━━ DATASET

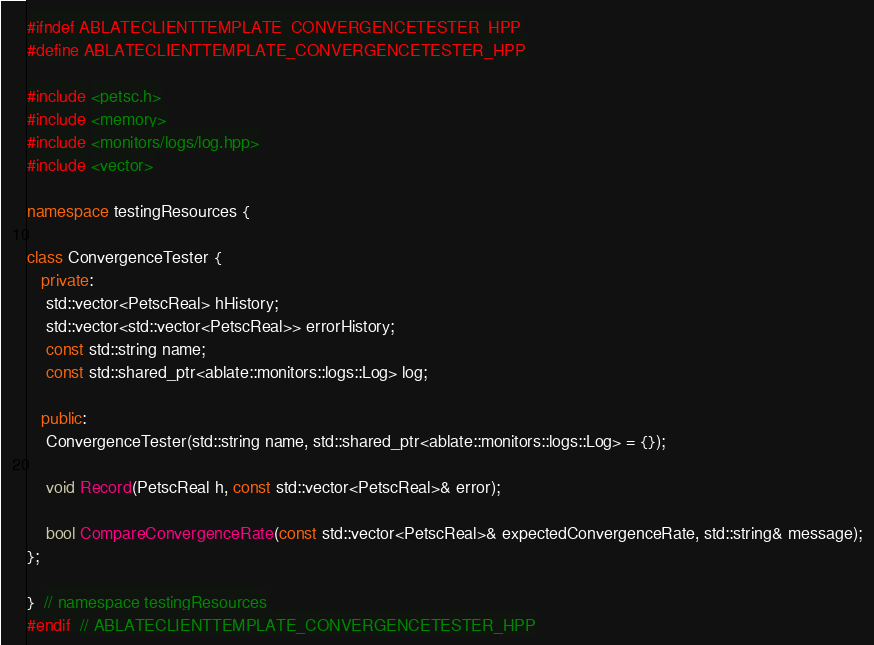<code> <loc_0><loc_0><loc_500><loc_500><_C++_>#ifndef ABLATECLIENTTEMPLATE_CONVERGENCETESTER_HPP
#define ABLATECLIENTTEMPLATE_CONVERGENCETESTER_HPP

#include <petsc.h>
#include <memory>
#include <monitors/logs/log.hpp>
#include <vector>

namespace testingResources {

class ConvergenceTester {
   private:
    std::vector<PetscReal> hHistory;
    std::vector<std::vector<PetscReal>> errorHistory;
    const std::string name;
    const std::shared_ptr<ablate::monitors::logs::Log> log;

   public:
    ConvergenceTester(std::string name, std::shared_ptr<ablate::monitors::logs::Log> = {});

    void Record(PetscReal h, const std::vector<PetscReal>& error);

    bool CompareConvergenceRate(const std::vector<PetscReal>& expectedConvergenceRate, std::string& message);
};

}  // namespace testingResources
#endif  // ABLATECLIENTTEMPLATE_CONVERGENCETESTER_HPP
</code> 
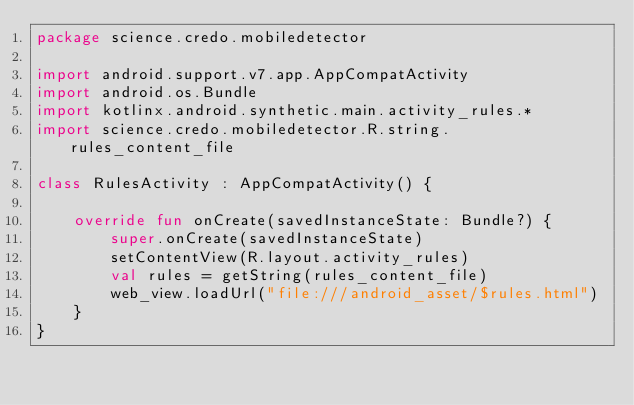<code> <loc_0><loc_0><loc_500><loc_500><_Kotlin_>package science.credo.mobiledetector

import android.support.v7.app.AppCompatActivity
import android.os.Bundle
import kotlinx.android.synthetic.main.activity_rules.*
import science.credo.mobiledetector.R.string.rules_content_file

class RulesActivity : AppCompatActivity() {

    override fun onCreate(savedInstanceState: Bundle?) {
        super.onCreate(savedInstanceState)
        setContentView(R.layout.activity_rules)
        val rules = getString(rules_content_file)
        web_view.loadUrl("file:///android_asset/$rules.html")
    }
}
</code>

━━━━

EXERCISE GOAL: Check the listing above for "onCreate". Show every line where it turns up.

ANSWER TO THIS PROBLEM:
    override fun onCreate(savedInstanceState: Bundle?) {
        super.onCreate(savedInstanceState)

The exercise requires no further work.